(Saved entries)

===

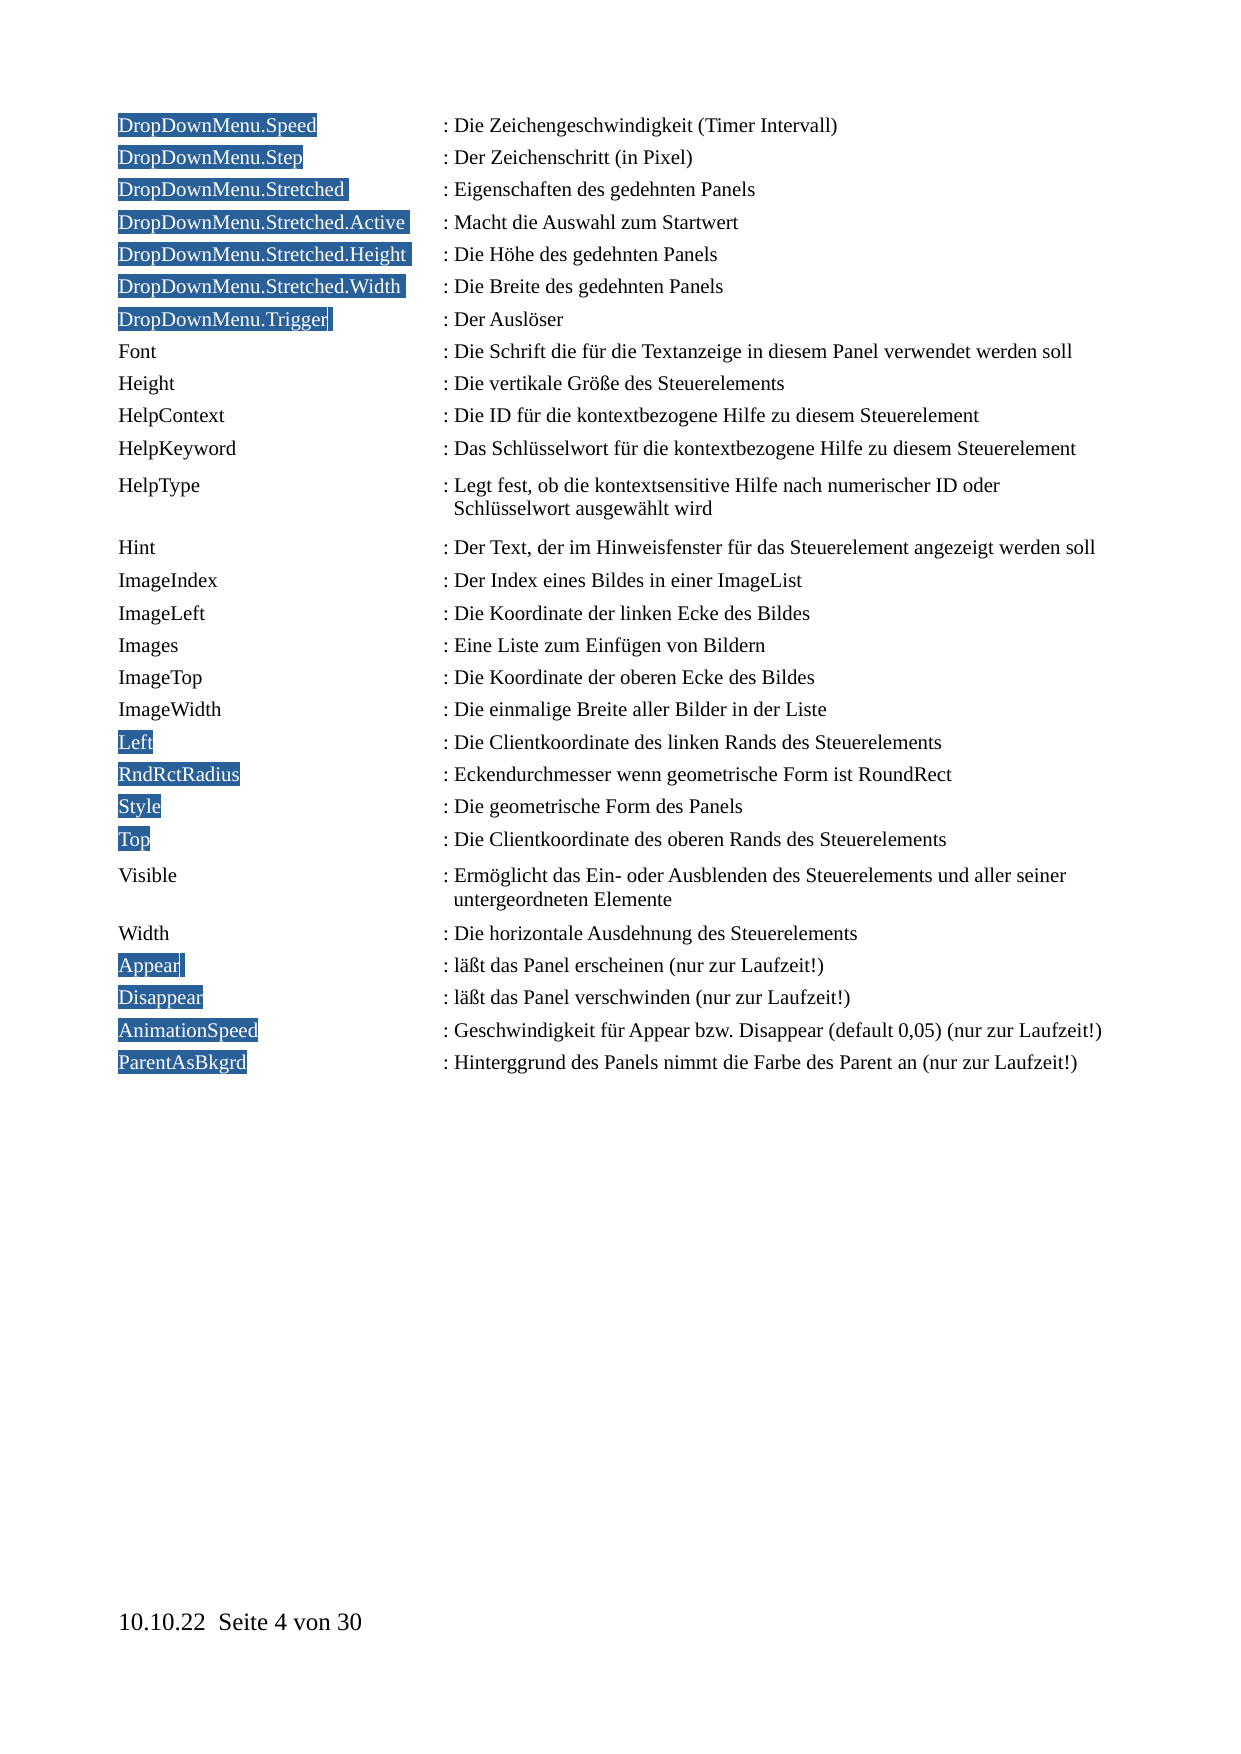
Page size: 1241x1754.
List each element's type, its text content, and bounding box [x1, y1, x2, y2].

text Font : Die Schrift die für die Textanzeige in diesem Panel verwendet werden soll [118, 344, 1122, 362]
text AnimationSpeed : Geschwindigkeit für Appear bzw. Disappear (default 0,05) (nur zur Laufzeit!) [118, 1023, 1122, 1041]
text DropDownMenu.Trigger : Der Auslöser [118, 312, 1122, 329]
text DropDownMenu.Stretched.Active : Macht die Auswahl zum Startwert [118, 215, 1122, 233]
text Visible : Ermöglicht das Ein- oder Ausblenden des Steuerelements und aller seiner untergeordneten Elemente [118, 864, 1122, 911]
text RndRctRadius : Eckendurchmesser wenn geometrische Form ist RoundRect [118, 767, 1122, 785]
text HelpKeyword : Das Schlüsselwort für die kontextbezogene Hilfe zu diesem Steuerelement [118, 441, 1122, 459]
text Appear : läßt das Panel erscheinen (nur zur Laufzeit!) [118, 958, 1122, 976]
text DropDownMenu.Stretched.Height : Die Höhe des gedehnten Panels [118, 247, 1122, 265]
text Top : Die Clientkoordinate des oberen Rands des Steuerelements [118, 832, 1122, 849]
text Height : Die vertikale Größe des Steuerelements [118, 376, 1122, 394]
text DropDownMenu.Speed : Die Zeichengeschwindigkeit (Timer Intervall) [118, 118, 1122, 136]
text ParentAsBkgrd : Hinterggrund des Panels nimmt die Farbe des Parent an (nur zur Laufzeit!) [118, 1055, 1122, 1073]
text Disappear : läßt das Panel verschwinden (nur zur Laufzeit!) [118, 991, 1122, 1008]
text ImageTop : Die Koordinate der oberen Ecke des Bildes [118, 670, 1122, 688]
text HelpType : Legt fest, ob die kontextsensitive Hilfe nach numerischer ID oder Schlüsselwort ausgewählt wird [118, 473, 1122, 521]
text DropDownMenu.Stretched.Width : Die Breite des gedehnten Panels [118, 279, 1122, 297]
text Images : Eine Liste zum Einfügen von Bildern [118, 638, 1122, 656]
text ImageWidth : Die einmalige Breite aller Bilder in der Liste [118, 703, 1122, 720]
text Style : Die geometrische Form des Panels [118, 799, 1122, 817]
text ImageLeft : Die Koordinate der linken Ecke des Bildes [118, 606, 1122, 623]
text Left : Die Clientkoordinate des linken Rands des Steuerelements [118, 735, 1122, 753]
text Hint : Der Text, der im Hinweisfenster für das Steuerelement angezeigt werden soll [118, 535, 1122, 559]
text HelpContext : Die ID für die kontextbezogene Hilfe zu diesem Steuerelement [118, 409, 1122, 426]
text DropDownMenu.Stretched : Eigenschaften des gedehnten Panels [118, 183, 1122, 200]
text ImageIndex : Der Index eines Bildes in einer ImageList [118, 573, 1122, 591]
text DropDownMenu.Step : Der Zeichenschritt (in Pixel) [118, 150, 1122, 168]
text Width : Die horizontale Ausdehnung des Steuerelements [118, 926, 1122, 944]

===

Transcribe exactly and only the lines from the top of the records through the line containing "text DropDownMenu.Stretched.Active : Macht", inclusive, and do not copy the pictures.

RESPONSE TO THIS EXERCISE >>
Page size: 1241x1754.
List each element's type, its text content, and bounding box [x1, y1, x2, y2].

text Font : Die Schrift die für die Textanzeige in diesem Panel verwendet werden soll [118, 344, 1122, 362]
text AnimationSpeed : Geschwindigkeit für Appear bzw. Disappear (default 0,05) (nur zur Laufzeit!) [118, 1023, 1122, 1041]
text DropDownMenu.Trigger : Der Auslöser [118, 312, 1122, 329]
text DropDownMenu.Stretched.Active : Macht die Auswahl zum Startwert [118, 215, 1122, 233]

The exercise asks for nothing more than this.